Numéro d'arrêt : 49569
Numéro NOR : CETATEXT000007746417 ?
Identifiant URN:LEX : urn:lex;fr;conseil.etat;arret;1988-12-09;49569 ?

Analyses :

DOMAINE - DOMAINE PUBLIC - PROTECTION DU DOMAINE - CONTRAVENTIONS DE GRANDE VOIRIE - CAUSE EXONERATOIRE - Cas de force majeure ou fait de l'administration assimilable à un tel cas - Absence - Eclatement des pneumatiques du train d'atterrissage d'un avion sur la piste d'un aérodrome.

24-01-03-01-02, 65-03-04-04, 67-03-02-01 Le procès-verbal de contravention de grande voirie dressé à l'encontre de la société Varig constate les dommages causés à la piste n° 07/25 de l'aéroport d'Orly le 23 octobre 1977 à 23 H 25 par les parties métalliques du train d'atterrissage principal d'un appareil DC-10 appartenant à cette société, à la suite de l'éclatement des pneumatiques n° 6 et 5 dudit train, alors que l'appareil roulait sur la piste en vue de son décollage.
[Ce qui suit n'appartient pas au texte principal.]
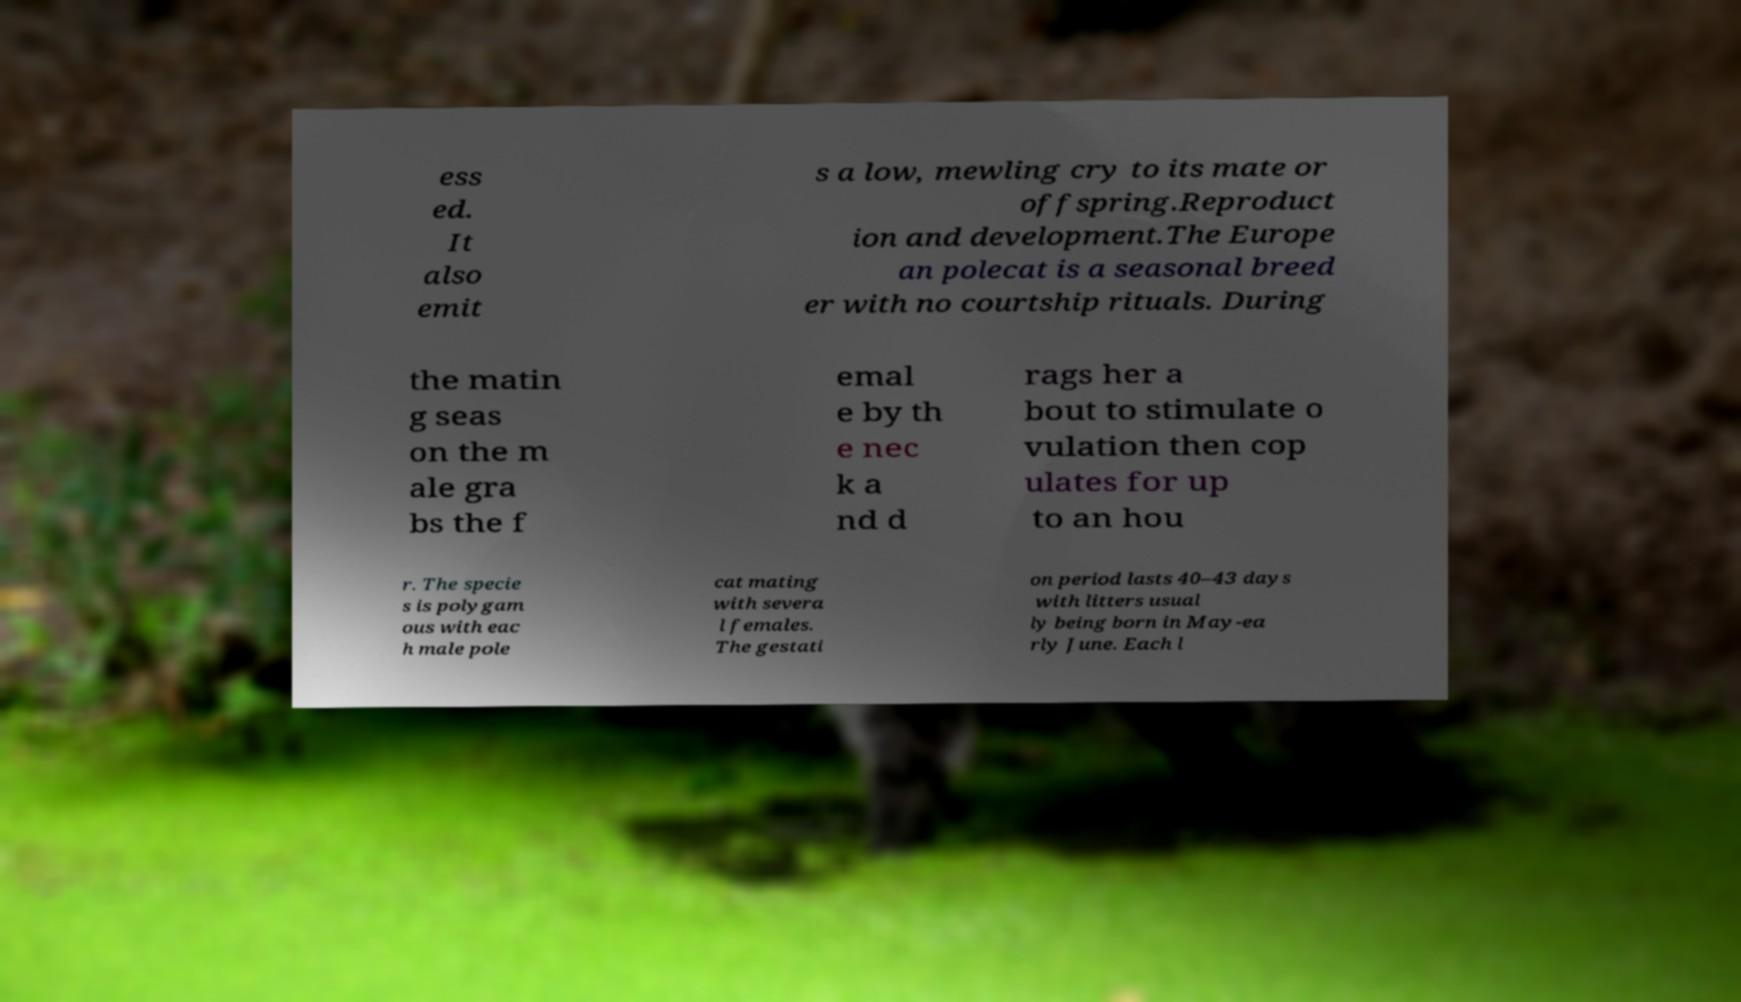Can you read and provide the text displayed in the image?This photo seems to have some interesting text. Can you extract and type it out for me? ess ed. It also emit s a low, mewling cry to its mate or offspring.Reproduct ion and development.The Europe an polecat is a seasonal breed er with no courtship rituals. During the matin g seas on the m ale gra bs the f emal e by th e nec k a nd d rags her a bout to stimulate o vulation then cop ulates for up to an hou r. The specie s is polygam ous with eac h male pole cat mating with severa l females. The gestati on period lasts 40–43 days with litters usual ly being born in May-ea rly June. Each l

Il résulte de l'instruction, et notamment du rapport des experts, que l'éclatement du pneumatique n° 6 qui a été provoqué par un corps étranger dont la présence sur la piste ne pouvait être décelée par le pilote de l'appareil n'aurait eu à lui seul aucune conséquence dommageable pour le revêtement de la piste d'envol. Les dommages ont été provoqués par le déchapage ou l'éclatement du pneumatique n° 5 qui a eu pour cause à la fois la surcharge qu'il a eu à supporter et les défauts qui avaient été relevés lors d'un récent contrôle. Dans ces conditions, la société Varig ne peut être regardée comme ayant établi que les atteintes à l'ouvrage public étaient imputables de façon exclusive à un cas de force majeure ou à un fait de l'administration assimilable à un cas de force majeure. Elle n'est donc pas fondée à soutenir que c'est à tort que par le jugement attaqué le tribunal administratif de Versailles l'a condamnée à supporter les frais de réparation de la piste.

TRANSPORTS - TRANSPORTS AERIENS - AEROPORTS - DOMMAGES CAUSES AUX INSTALLATIONS - Dommages causés à la piste d'atterrissage par l'éclatement d'un pneumatique d'un appareil - Absence - en l'espèce - de cause exonératoire de la contravention de grande voirie du fait de la présence d'un corps étranger sur la piste.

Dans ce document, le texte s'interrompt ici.